Sunday, April 26, 2015

And more data

Now that we have a realization that BIG data is really BIG. One more blog for it! :P
Data is the new oil. Its the treasure and somehow I can relate it to uncle scrooge. The way he used swim in his money, one needs to find the data in this huge pile. Its very easy to get lost!



So there is so much data , one will feel like uncle scrooge!
Just a Caution : DO NOT GET LOST!

There is just so much data that unless we know the right way out , its very easy to get lost!

There are two unanswered questions from the previous blog. First is how is one going to process the data and second one is how is it important anyways?

So first about managing Big data.HDFS and MapReduce.

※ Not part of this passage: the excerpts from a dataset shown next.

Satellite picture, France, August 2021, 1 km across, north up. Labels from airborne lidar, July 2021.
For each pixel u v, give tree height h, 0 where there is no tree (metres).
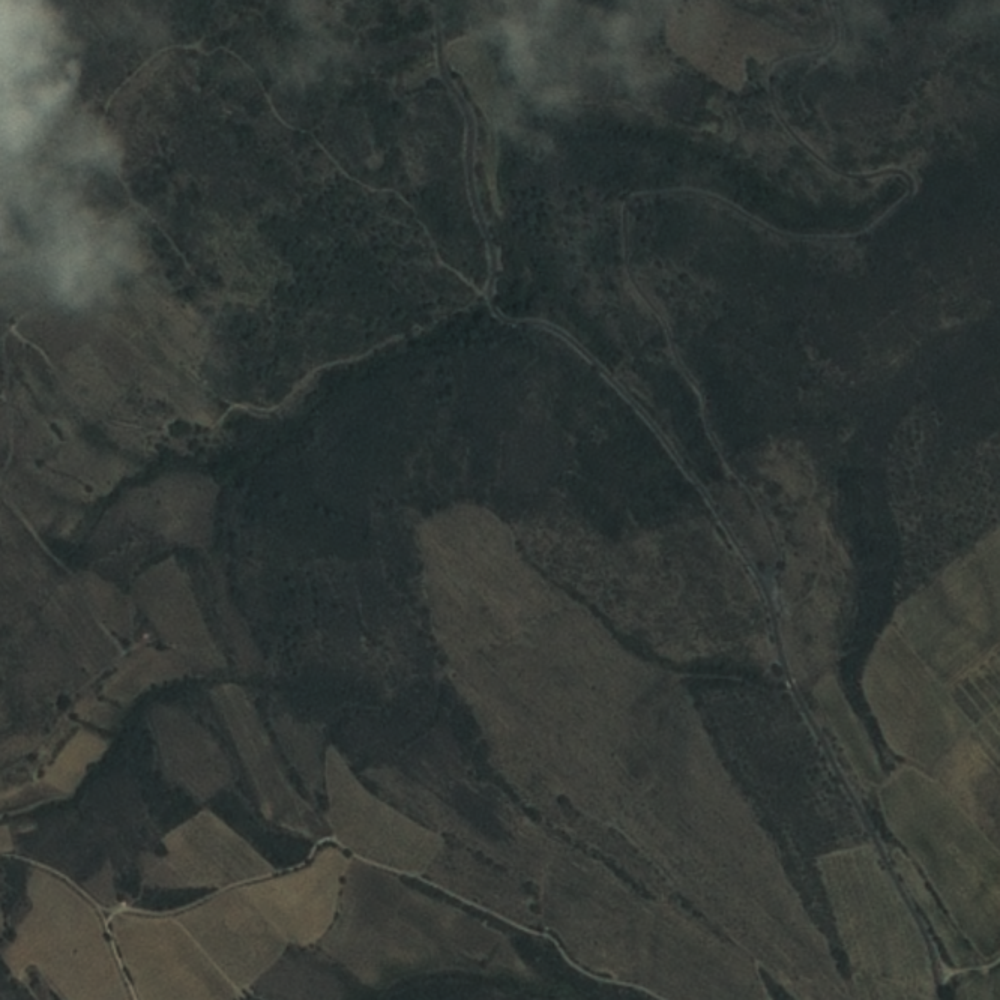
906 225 0
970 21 0
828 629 0
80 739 0
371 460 0
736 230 0
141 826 0
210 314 5
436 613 0
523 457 0
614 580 0
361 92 6
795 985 0
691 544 0
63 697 8
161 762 0
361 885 0
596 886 0
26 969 0
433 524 0
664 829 0
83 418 0
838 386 0
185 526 0
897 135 0
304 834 0
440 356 10
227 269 0
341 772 0
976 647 0
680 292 0
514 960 0
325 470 0
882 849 0
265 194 0
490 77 0
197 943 0
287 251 9
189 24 6
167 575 0
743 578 0
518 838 0
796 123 0
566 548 0
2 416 0
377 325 10
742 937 0
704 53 0
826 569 0
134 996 0
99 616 0
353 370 12
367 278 5
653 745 0
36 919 0
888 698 0
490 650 0
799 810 0
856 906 0
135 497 0
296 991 0
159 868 0
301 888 0
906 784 0
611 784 0
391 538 0
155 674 0
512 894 0
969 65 0
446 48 0
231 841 0
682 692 0
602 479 0
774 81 9
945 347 0
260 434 7
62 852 0
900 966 0
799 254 0
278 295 7
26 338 0
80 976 0
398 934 0
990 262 0
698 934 0
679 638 0
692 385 0
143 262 0
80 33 0
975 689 0
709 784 0
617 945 0
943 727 0
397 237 7
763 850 0
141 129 0
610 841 0
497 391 0
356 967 0
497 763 0
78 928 0
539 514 0
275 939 0
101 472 0
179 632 0
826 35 0
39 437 0
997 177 0
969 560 0
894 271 0
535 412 0
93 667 0
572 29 0
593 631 0
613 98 0
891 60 0
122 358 0
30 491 0
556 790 0
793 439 0
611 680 0
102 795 0
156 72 0
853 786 0
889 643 0
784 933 0
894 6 0
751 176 5
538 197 7
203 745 0
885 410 0
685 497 7
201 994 0
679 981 0
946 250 0
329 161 0
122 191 0
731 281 0
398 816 0
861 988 0
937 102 0
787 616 0
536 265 7
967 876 0
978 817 0
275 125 0
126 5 0
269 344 8
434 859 0
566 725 0
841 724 0
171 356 0
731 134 0
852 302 0
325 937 0
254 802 0
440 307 10
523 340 8
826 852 0
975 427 0
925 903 0
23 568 0
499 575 0
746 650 0
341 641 0
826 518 0
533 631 0
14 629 0
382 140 5
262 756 0
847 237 0
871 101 0
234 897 0
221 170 0
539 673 0
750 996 0
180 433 12
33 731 0
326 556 0
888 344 0
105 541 0
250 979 0
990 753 0
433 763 0
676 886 0
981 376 0
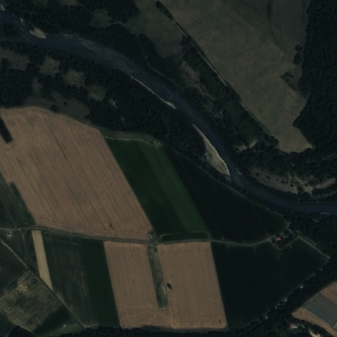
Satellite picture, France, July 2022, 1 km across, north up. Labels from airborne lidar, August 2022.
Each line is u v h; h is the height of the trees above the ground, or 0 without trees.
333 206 0
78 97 7
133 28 0
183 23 0
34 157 0
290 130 0
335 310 0
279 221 0
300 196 13
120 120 17
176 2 0
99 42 21
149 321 0
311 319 0
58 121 0
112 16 8
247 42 0
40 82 16
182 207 0
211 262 0
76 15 16
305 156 16
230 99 8
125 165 0
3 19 0
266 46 0
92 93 0
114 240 0
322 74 10
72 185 0
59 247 0
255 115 0
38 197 0
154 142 0
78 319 0
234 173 0
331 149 10
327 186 0
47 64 0
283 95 0
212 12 0
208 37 0
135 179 0
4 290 0
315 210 0
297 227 24
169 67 8
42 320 0
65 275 0
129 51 8
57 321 0
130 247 0
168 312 0
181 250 0
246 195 17
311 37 23
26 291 0
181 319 0
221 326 0
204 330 0
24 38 0
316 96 13
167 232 0
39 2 0
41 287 0
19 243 0
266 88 0
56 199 0
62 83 12
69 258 0
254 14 0
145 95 24
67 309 0
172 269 0
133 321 0
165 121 23
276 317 19
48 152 0
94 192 0
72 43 0
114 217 0
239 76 0
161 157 0
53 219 0
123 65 0
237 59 0
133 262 0
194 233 0
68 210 0
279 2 0
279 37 0
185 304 0
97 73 15
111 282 0
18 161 0
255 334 17
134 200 0
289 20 0
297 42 0
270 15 0
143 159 0
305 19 0
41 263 0
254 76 0
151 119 14
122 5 15
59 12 13
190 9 0
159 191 0
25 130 0
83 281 0
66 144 0
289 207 0
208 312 0
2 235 0
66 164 0
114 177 0
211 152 0
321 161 22
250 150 20
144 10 0
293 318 14
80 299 0
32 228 0
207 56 0
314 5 14
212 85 6
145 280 0
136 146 0
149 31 0
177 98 0
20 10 7
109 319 0
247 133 7
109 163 0
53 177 0
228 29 0
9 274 0
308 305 0
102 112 12
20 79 10
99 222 0
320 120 10
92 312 0
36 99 0
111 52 0
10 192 0
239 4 0
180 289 0
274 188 11
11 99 6
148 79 0
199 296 0
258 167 9
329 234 24
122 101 19
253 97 0
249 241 0
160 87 0
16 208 0
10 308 0
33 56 18
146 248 0
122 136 0
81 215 0
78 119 0
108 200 0
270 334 14
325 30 16
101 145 0
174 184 0
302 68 10
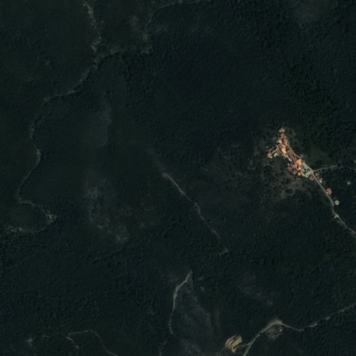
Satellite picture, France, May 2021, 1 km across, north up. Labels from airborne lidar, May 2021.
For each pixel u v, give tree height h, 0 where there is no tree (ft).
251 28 49
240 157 20
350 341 33
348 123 69
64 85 22
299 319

Hadoop which is a software framework uses HDFS and MapReduce to analyze the data.
This is done on clusters of commodity hardware.

Lets just quickly understand HDFS : Hadoop Distributed File System :
- So a big problem is converted to chunks and then resolved :)
- As its easier to solve bigger problems when we look at one piece at a time. Similarly its qucik and cost effective to get the analysis done on small elements
- Is HFDS , a hard drive ? No its the service that is used when you have crazy amount of data

MapReduce : so this is where people write programs. So that they can process massive amounts of data in parallel and most importantly across multiple processors. (One need not wait for a year to get the output!)